◆ **The problem**
Return, word for word, only the lines of the data below that lie between the line with "msp.add_arc(centre, 0.3719, start, end, dxfattribs=at)" and the line with "msp.add_mtext(s, dxfattribs=dict(at, insert=insert))", those two lines included.

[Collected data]

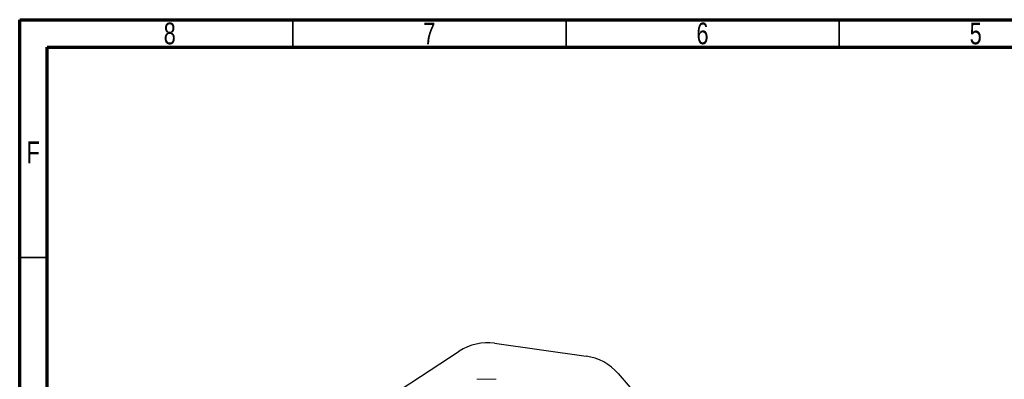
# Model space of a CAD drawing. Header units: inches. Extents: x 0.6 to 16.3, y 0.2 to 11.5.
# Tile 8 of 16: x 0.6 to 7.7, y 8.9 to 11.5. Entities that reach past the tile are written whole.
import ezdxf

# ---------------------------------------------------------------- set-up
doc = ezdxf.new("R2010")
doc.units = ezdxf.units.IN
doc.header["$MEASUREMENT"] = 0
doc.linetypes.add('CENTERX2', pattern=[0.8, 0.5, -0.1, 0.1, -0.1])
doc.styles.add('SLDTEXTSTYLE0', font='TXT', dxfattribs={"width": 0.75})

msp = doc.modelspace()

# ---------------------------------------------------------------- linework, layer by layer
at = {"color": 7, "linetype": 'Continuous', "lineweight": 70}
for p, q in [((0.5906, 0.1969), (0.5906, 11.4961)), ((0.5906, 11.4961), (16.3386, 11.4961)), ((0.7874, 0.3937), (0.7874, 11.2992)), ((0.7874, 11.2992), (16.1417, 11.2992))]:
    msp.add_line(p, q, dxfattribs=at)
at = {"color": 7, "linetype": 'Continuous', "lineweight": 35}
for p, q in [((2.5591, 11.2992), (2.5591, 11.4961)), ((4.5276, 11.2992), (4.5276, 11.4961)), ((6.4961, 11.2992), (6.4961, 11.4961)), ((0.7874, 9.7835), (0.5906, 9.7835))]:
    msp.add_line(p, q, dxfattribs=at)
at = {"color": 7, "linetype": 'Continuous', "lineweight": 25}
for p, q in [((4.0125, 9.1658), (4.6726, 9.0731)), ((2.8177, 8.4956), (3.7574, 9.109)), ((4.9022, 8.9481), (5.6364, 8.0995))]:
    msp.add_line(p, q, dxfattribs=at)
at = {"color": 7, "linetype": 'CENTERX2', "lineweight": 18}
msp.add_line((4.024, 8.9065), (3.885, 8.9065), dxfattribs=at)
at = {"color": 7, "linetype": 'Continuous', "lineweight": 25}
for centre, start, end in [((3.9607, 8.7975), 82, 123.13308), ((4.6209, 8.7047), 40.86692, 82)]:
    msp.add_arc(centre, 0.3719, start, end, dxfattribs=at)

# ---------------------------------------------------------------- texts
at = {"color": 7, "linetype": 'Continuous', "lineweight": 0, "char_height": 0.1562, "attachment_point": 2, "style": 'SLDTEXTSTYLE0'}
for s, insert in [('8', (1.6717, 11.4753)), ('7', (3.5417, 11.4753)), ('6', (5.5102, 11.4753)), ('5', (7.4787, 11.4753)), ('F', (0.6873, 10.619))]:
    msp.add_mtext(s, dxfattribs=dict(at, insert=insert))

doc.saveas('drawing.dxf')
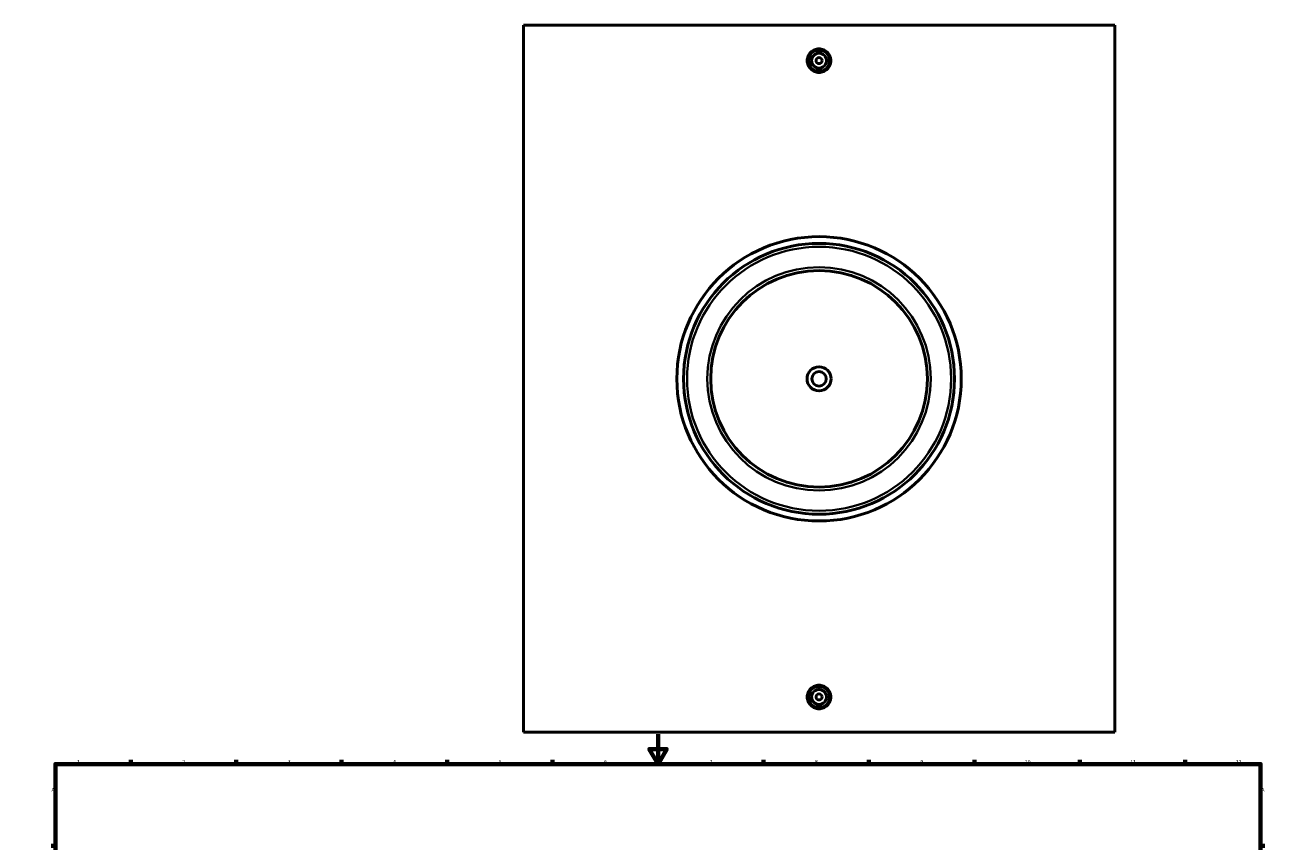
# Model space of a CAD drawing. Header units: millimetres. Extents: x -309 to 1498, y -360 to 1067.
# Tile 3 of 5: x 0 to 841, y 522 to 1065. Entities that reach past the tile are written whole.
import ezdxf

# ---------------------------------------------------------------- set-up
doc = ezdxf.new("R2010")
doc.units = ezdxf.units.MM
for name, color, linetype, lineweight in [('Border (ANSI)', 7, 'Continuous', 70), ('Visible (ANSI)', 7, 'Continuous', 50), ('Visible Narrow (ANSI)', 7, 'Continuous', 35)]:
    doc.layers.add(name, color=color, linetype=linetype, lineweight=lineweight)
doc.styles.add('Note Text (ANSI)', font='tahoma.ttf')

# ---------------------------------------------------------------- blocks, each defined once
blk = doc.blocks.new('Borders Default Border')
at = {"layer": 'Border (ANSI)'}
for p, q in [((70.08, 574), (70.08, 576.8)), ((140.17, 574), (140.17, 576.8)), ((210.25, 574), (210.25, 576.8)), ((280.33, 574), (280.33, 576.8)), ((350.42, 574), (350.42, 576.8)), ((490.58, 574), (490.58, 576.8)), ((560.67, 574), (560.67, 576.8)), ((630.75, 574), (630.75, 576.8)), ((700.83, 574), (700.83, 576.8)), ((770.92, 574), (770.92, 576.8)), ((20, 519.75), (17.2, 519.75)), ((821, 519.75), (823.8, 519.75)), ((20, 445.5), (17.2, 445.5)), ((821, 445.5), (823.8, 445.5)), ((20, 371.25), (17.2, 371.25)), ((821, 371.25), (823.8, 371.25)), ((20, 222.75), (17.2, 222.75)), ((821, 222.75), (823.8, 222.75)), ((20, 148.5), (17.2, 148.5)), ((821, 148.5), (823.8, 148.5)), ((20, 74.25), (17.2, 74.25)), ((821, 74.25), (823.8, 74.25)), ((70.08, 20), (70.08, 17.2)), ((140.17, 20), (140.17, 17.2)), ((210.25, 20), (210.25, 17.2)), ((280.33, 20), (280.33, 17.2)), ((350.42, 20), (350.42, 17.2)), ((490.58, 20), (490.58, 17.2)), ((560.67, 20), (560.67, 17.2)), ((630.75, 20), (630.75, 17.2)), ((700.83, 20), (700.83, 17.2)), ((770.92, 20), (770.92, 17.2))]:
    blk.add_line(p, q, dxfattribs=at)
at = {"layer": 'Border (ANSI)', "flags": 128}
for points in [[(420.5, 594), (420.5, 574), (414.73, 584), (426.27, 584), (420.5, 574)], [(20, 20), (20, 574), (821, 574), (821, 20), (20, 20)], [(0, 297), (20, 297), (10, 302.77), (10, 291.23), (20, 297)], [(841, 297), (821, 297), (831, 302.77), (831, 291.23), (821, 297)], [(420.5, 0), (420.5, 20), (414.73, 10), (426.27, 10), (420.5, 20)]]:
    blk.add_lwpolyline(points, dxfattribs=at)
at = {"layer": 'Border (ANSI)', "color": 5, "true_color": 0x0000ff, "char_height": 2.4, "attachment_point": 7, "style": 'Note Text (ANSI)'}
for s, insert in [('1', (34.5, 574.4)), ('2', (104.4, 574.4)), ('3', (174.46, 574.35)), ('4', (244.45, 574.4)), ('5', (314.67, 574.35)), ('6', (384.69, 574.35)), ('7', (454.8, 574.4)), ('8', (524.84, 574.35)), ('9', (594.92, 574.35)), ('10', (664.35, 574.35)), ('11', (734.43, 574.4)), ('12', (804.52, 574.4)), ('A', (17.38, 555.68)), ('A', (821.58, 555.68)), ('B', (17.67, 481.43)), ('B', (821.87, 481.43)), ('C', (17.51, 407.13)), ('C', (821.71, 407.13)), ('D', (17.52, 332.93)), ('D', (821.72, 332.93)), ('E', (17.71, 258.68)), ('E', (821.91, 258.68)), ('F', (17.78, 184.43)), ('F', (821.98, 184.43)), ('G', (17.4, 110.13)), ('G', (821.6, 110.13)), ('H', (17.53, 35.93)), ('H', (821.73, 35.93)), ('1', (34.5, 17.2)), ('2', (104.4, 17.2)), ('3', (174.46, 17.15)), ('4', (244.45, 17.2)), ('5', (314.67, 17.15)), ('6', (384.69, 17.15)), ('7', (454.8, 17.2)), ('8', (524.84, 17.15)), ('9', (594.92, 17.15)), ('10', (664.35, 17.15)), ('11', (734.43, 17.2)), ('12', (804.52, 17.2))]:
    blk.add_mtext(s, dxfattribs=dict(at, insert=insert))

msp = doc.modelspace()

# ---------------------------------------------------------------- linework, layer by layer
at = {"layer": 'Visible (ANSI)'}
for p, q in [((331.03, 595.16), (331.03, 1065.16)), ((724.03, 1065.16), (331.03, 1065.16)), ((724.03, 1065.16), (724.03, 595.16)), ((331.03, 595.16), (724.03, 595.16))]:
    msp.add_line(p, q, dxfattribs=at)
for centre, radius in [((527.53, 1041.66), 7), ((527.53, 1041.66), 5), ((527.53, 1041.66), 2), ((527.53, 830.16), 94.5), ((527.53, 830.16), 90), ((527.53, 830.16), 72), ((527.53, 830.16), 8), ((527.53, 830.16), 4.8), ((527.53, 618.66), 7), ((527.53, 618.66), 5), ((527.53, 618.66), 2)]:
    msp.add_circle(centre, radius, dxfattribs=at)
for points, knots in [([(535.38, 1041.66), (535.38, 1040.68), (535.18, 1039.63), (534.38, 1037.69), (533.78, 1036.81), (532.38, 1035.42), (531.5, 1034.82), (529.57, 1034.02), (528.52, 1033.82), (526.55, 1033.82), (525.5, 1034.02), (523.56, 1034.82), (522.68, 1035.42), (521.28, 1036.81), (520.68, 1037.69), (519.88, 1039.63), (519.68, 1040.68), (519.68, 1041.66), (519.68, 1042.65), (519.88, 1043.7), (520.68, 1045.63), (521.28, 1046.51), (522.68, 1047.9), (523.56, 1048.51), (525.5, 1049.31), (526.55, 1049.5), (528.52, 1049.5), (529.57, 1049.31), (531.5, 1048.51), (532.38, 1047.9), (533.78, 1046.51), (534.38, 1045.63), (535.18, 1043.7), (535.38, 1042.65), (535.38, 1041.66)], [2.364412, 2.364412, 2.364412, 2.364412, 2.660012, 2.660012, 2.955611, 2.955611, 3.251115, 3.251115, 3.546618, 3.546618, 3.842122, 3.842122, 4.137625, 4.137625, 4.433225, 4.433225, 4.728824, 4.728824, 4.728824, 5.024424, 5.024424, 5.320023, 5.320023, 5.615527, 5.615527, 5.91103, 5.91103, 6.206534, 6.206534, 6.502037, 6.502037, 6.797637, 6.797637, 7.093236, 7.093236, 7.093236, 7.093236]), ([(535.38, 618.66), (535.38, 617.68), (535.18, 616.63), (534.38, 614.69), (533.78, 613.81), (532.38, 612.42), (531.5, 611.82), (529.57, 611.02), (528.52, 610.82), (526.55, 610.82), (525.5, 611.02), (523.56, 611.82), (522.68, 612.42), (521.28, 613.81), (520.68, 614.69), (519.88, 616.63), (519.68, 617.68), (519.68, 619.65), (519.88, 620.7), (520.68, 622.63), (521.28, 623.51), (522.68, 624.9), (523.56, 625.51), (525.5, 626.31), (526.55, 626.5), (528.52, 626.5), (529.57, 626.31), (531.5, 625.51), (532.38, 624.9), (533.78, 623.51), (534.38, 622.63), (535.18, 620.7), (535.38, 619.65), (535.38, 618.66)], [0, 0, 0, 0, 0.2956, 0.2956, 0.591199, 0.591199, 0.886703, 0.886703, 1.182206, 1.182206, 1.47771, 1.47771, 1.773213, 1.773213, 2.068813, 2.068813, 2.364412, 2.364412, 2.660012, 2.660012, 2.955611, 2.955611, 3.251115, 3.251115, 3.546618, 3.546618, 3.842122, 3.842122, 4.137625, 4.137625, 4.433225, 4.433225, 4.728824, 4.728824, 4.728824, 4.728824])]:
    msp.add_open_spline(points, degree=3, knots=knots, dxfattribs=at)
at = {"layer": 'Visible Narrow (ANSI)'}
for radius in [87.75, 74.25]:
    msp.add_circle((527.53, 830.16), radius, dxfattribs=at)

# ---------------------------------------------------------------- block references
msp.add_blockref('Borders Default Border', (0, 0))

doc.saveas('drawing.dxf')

◆ **Expected answer**
    msp.add_arc(centre, 0.3719, start, end, dxfattribs=at)

# ---------------------------------------------------------------- texts
at = {"color": 7, "linetype": 'Continuous', "lineweight": 0, "char_height": 0.1562, "attachment_point": 2, "style": 'SLDTEXTSTYLE0'}
for s, insert in [('8', (1.6717, 11.4753)), ('7', (3.5417, 11.4753)), ('6', (5.5102, 11.4753)), ('5', (7.4787, 11.4753)), ('F', (0.6873, 10.619))]:
    msp.add_mtext(s, dxfattribs=dict(at, insert=insert))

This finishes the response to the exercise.